Source code for torch_two_sample.statistics_nondiff

"""The classical non-differentiable Friedman-Rafsky and k-NN tests."""

from scipy.sparse.csgraph import minimum_spanning_tree as mst
from torch.autograd import Function
import numpy as np
import torch
from .permutation_test import permutation_test_mat
from .util import pdist

__all__ = ['FRStatistic', 'KNNStatistic']


class MSTFn(Function):
    """Compute the minimum spanning tree given a matrix of pairwise weights."""
    def forward(self, weights):
        """Compute the MST given the edge weights.

        The behaviour is the same as that of ``minimum_spanning_tree` in
        ``scipy.sparse.csgraph``, namely i) the edges are assumed non-negative,
        ii) if ``weights[i, j]`` and ``weights[j, i]`` are both non-negative,
        their minimum is taken as the edge weight.

        Arguments
        ---------
        weights: :class:`torch:torch.Tensor`
            The adjacency matrix of size ``(n, n)``.

        Returns
        -------
        :class:`torch:torch.Tensor`
            An ``(n, n)`` matrix adjacency matrix of the minimum spanning tree.

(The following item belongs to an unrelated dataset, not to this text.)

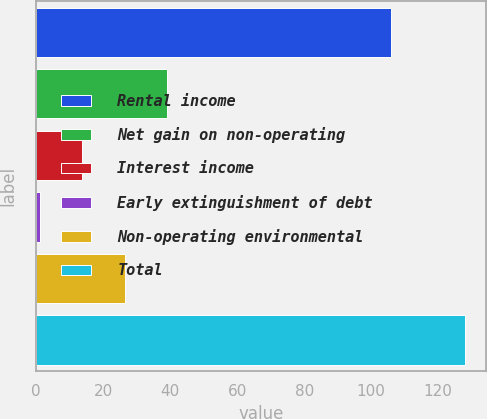<chart> <loc_0><loc_0><loc_500><loc_500><bar_chart><fcel>Rental income<fcel>Net gain on non-operating<fcel>Interest income<fcel>Early extinguishment of debt<fcel>Non-operating environmental<fcel>Total<nl><fcel>106<fcel>39.1<fcel>13.7<fcel>1<fcel>26.4<fcel>128<nl></chart>

            Indices corresponding to the edges in the MST are set to one, rest
            are set to zero.

            If both weights[i, j] and weights[j, i] are non-zero, then the one
            will be located in whichever holds the *smaller* value (ties broken
            arbitrarily).
        """
        mst_matrix = mst(weights.cpu().numpy()).toarray() > 0
        assert int(mst_matrix.sum()) + 1 == weights.size(0)
        return torch.Tensor(mst_matrix.astype(float))

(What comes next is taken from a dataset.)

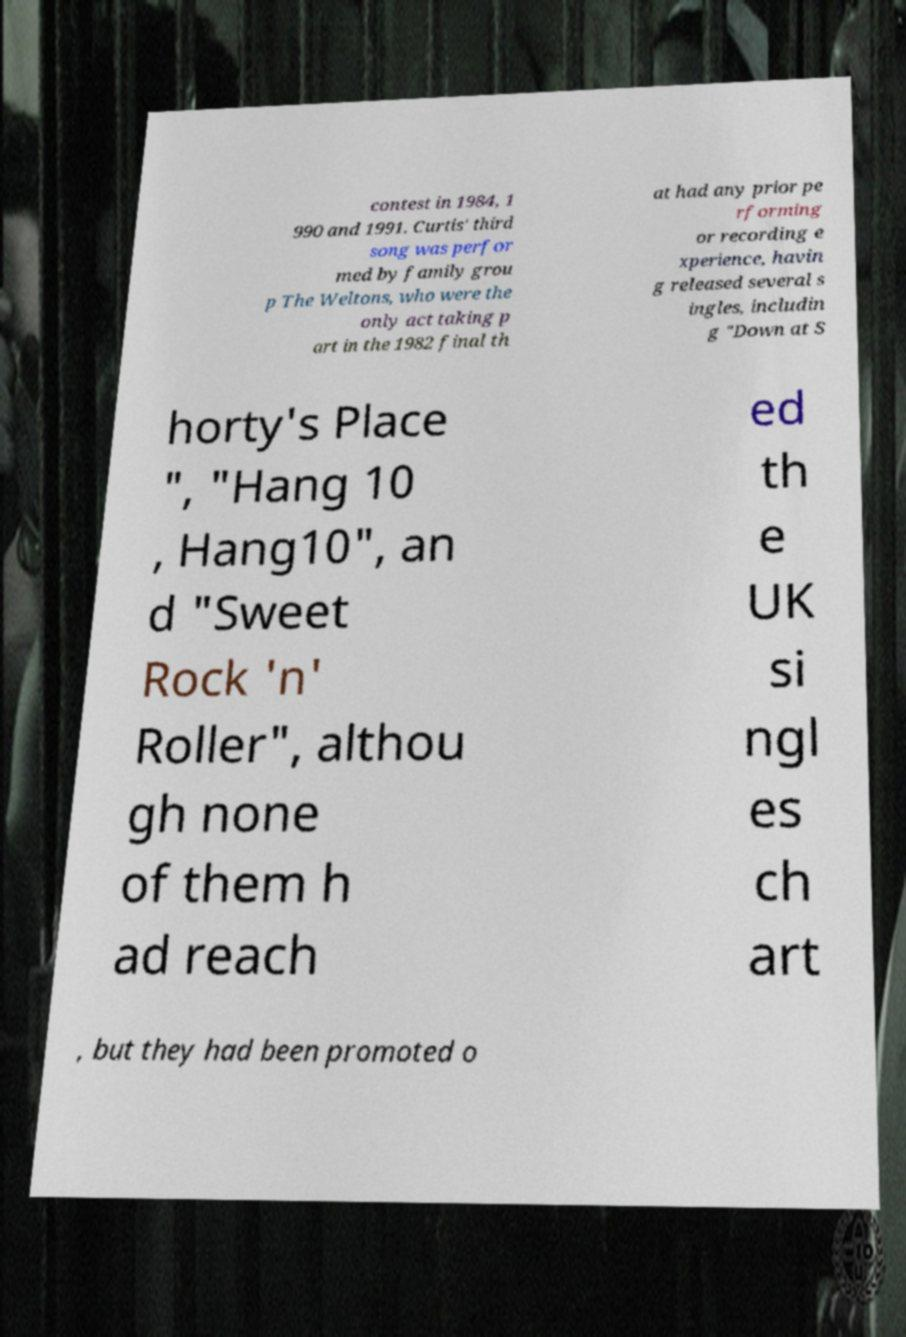For documentation purposes, I need the text within this image transcribed. Could you provide that? contest in 1984, 1 990 and 1991. Curtis' third song was perfor med by family grou p The Weltons, who were the only act taking p art in the 1982 final th at had any prior pe rforming or recording e xperience, havin g released several s ingles, includin g "Down at S horty's Place ", "Hang 10 , Hang10", an d "Sweet Rock 'n' Roller", althou gh none of them h ad reach ed th e UK si ngl es ch art , but they had been promoted o

class KSmallest(Function):
    """Return an indicator vector holing the smallest k elements in each row.

    Arguments
    ---------
    k: int
        How many elements to keep per row."""
    def __init__(self, k):
        super(KSmallest, self).__init__()
        self.k = k

    def forward(self, matrix):
        """Compute the positions holding the largest k elements in each row.

        Arguments
        ---------
        matrix: :class:`torch:torch.Tensor`
            Tensor of size (n, m)

        Returns
        -------
        torch.Tensor of size (n, m)
           The positions that correspond to the k largest elements are set to
           one, the rest are set to zero."""
        self.mark_non_differentiable(matrix)
        matrix = matrix.numpy()
        indices = np.argsort(matrix, axis=1)
        mins = np.zeros_like(matrix)
        rows = np.arange(matrix.shape[0]).reshape(-1, 1)
        mins[rows, indices[:, :self.k]] = 1
        return torch.Tensor(mins)


[docs]class FRStatistic(object):
    """The classical Friedman-Rafsky test :cite:`friedman1979multivariate`.

    Arguments
    ----------
    n_1: int
        The number of data points in the first sample.
    n_2: int
        The number of data points in the second sample."""
    def __init__(self, n_1, n_2):
        self.n_1 = n_1
        self.n_2 = n_2

[docs]    def __call__(self, sample_1, sample_2, norm=2, ret_matrix=False):
        """Evaluate the non-smoothed Friedman-Rafsky test statistic.

        Arguments
        ---------
        sample_1: :class:`torch:torch.autograd.Variable`
            The first sample, variable of size ``(n_1, d)``.
        sample_2: :class:`torch:torch.autograd.Variable`
            The second sample, variable of size ``(n_1, d)``.
        norm: float
            Which norm to use when computing distances.
        ret_matrix: bool
            If set, the call with also return a second variable.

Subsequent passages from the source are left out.